The results of Exp 3 are shown in
Table 3. Although pixel flow-based and iterative methods do not encounter significant pitch angle errors, they are limited to handling small errors. This is because constructing the cost volume requires searching for matching points pixel by pixel between two images, which can incur significant computational costs if the search range is too large. Additionally, DXQ-Net [
31], through iterative updates, mitigates the problem caused by missing perceptual information to some extent. However, even so, our method still performs slightly better than DXQ-Net [
31] in estimating translation errors. It is worth noting that our method produces results in a single end-to-end output, whereas DXQ-Net [
31] iterates multiple times to obtain results. In this scenario, although our method may have a slight disadvantage in angular error metrics, it still maintains a marginal advantage in translation error. The qualitative analysis results of Exp 3 are depicted in
Figure 10. As shown in
Figure 10, the parameters estimated by our method can adjust the initially erroneous extrinsic parameters to be nearly consistent with the ground truth.
Figure 11 depicts the histograms and error bars of the results corresponding to the three experiments. Each column represents a set of experimental settings, with the first row representing the histogram of translation errors, the second row representing the histogram of rotation errors, and the third row representing the error bars of both rotation and translation errors. The red segments represent the median of the experimental results, which are typically slightly lower than the average error. The “T” shaped bars and square boxes, respectively, represent the maximum and minimum errors, and the distance from the median to the maximum and minimum errors divided by two. It can be observed that although the input errors are randomly generated, the variance and standard deviation of our method are around the mean value, indicating that our method is stable and robust.
Additionally, we conducted a comparison and analysis of the real-time performance of our work against the successfully reproduced work, NetCalib [
13], serving as a reference. We selected three experimental environments—CPU (Intel i9-12900KF), GPU (NVIDIA RTX 3090), and onboard system (NVIDIA Jetson Orin)—to validate the real-time performance of our work. We conducted inference on 1000 samples from the dataset and calculated the average inference time. The results are shown in
Table 5.
As shown in
Table 5, our DPCalib achieves a running speed of 185.18 FPS on an RTX 3090 device and 33.36 FPS on the NVIDIA Jetson Orin edge development board, which is significantly better than NetCalib and meets the real-time requirements.

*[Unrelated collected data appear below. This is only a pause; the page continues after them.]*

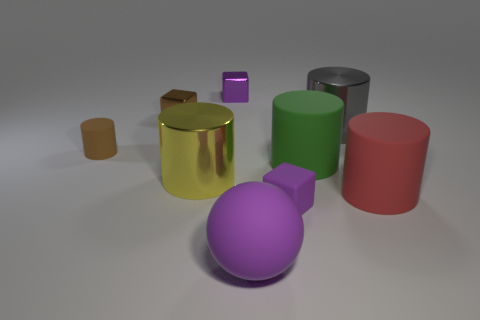How many other objects are there of the same size as the red cylinder?
Provide a short and direct response. 4. What is the size of the matte thing to the left of the large yellow shiny cylinder?
Offer a very short reply. Small. Is the small purple block behind the red cylinder made of the same material as the red object?
Offer a terse response. No. How many cylinders are both behind the large yellow cylinder and on the right side of the big yellow shiny object?
Make the answer very short. 2. What is the size of the rubber cylinder to the left of the tiny purple metallic block that is behind the big green matte cylinder?
Provide a short and direct response. Small. Are there more big yellow shiny objects than small brown things?
Provide a succinct answer. No. There is a block that is in front of the gray metallic cylinder; does it have the same color as the rubber object in front of the tiny purple rubber thing?
Offer a very short reply. Yes. Is there a brown cylinder behind the shiny thing that is right of the green rubber cylinder?
Offer a terse response. No. Is the number of big green rubber things to the left of the green matte object less than the number of small brown blocks that are in front of the large yellow metallic thing?
Ensure brevity in your answer.  No. Does the small brown block that is behind the green matte object have the same material as the purple block in front of the big gray thing?
Offer a terse response. No. 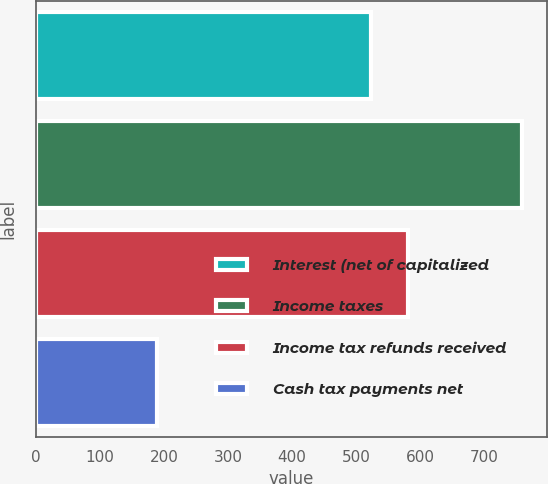Convert chart to OTSL. <chart><loc_0><loc_0><loc_500><loc_500><bar_chart><fcel>Interest (net of capitalized<fcel>Income taxes<fcel>Income tax refunds received<fcel>Cash tax payments net<nl><fcel>524<fcel>760<fcel>581.1<fcel>189<nl></chart> 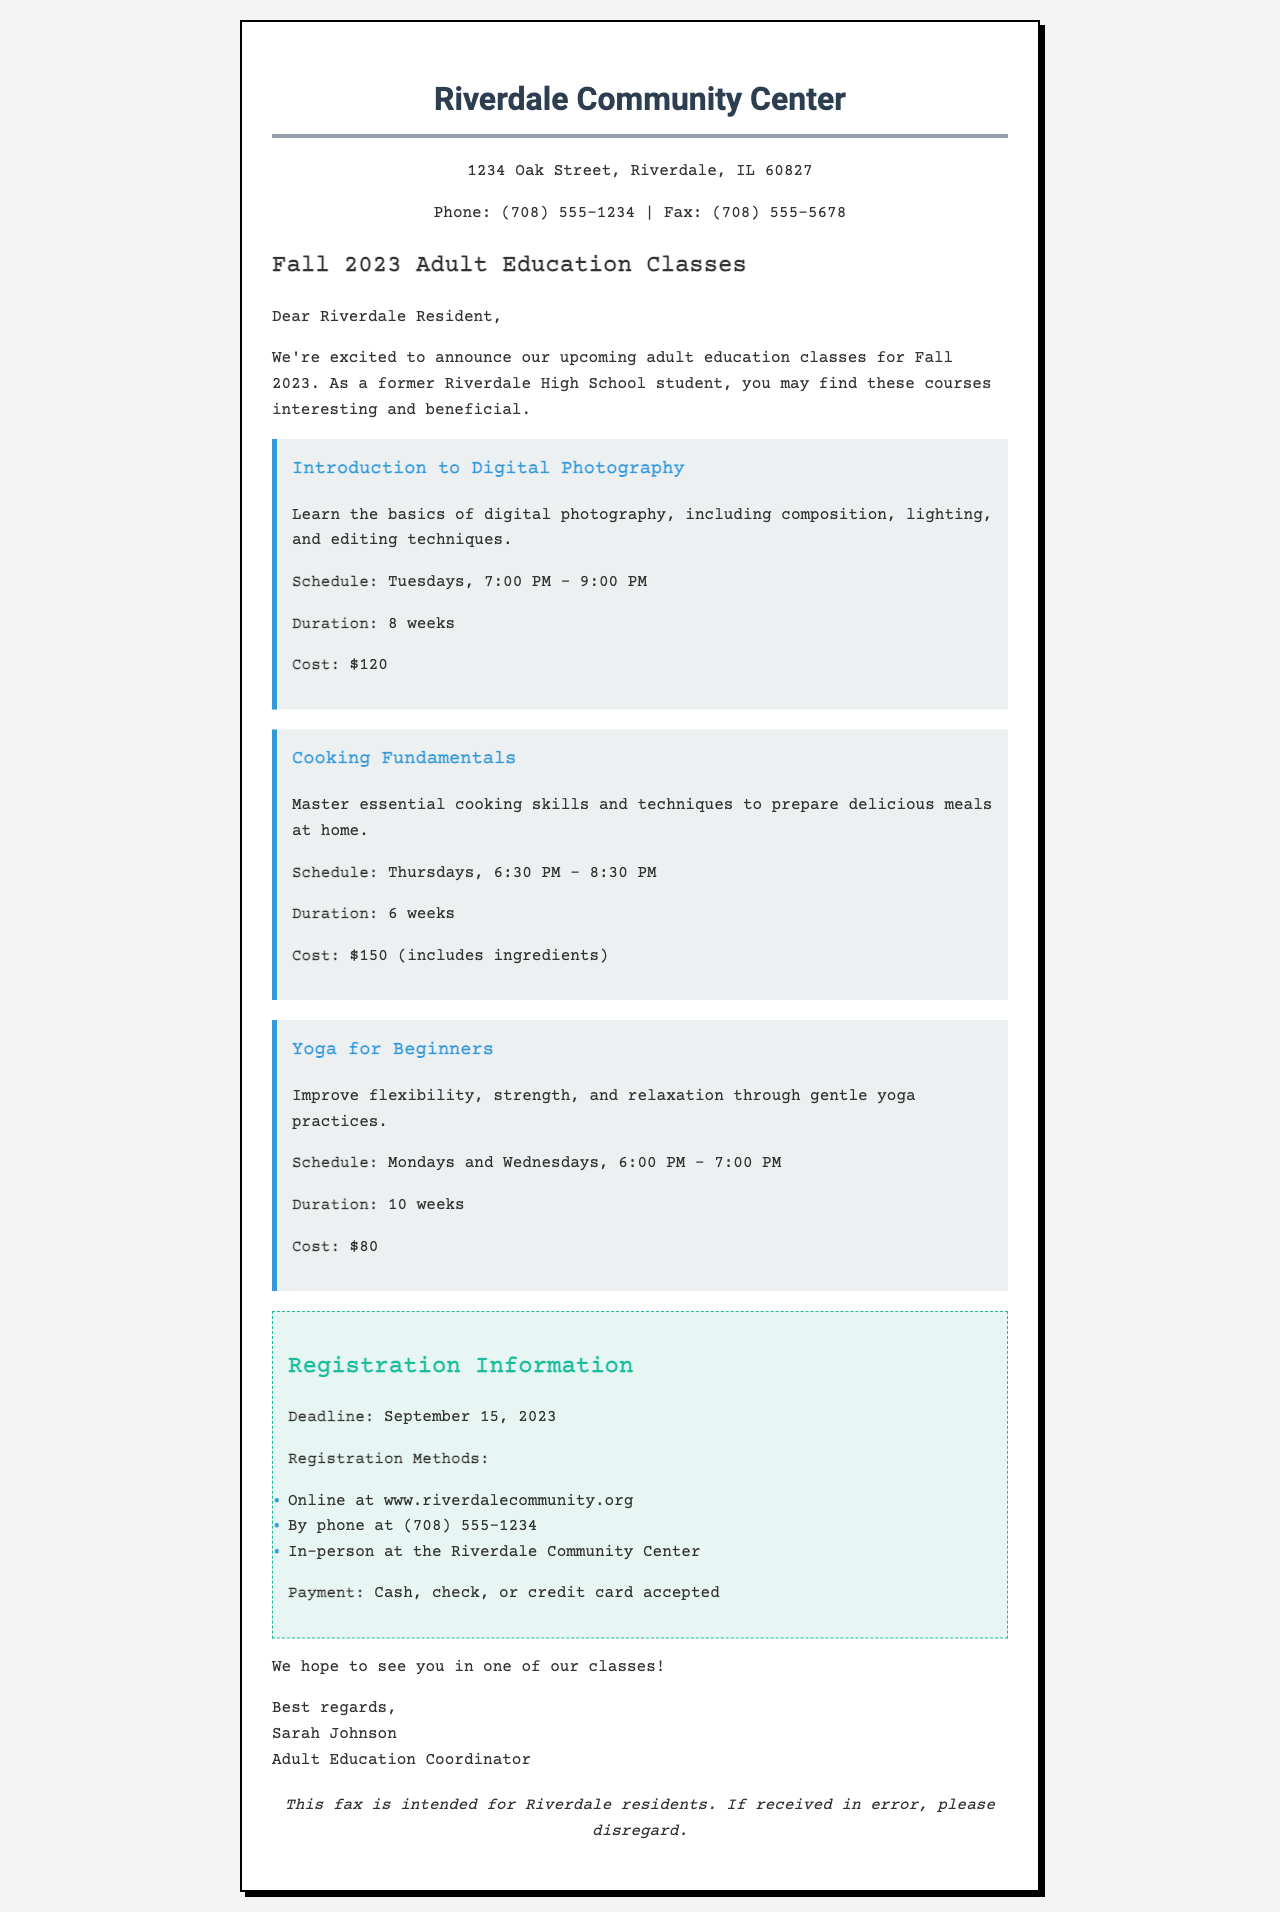what is the location of the Riverdale Community Center? The document states the address at the beginning.
Answer: 1234 Oak Street, Riverdale, IL 60827 who is the Adult Education Coordinator? Sarah Johnson is mentioned at the end of the document.
Answer: Sarah Johnson what is the cost of the Cooking Fundamentals course? The cost is stated in the course description.
Answer: $150 (includes ingredients) how long does the Yoga for Beginners course last? The duration is detailed in the course description.
Answer: 10 weeks what is the registration deadline? The document clearly indicates the deadline.
Answer: September 15, 2023 which method is not listed for registration? The question points to methods given in the registration section; the answer is not part of the document.
Answer: Mail how many weeks is the Introduction to Digital Photography course? The duration is provided in the course details.
Answer: 8 weeks on which days is the Yoga for Beginners course held? The schedule mentioned in the course description specifies the days.
Answer: Mondays and Wednesdays what time does the Cooking Fundamentals class start? The start time is included in the course's schedule.
Answer: 6:30 PM

However, it’s worth noting that the time shown in
Table 2 only reflects the inference time of the algorithm. The data preprocessing steps such as image loading, depth estimation, and projection also consume approximately 1.77 FPS (tested on an RTX 3090 and i9-12900KF environment). In the future, we plan to develop multithreaded tools to further enhance the real-time performance of the model.
Combining the above results, we can conclude that our DPCalib outperforms other parameter regression-based methods, especially in estimating the specific pitch angle of the extrinsic parameters. Additionally, it shows significant improvements in other metrics compared to other state-of-the-art methods. As for methods based on pixel flow estimation, our DPCalib demonstrates the capability to handle larger errors and also exhibits a clear advantage in estimating translation extrinsic parameters. In the section on ablation experiments, we demonstrated the effectiveness and necessity of each module.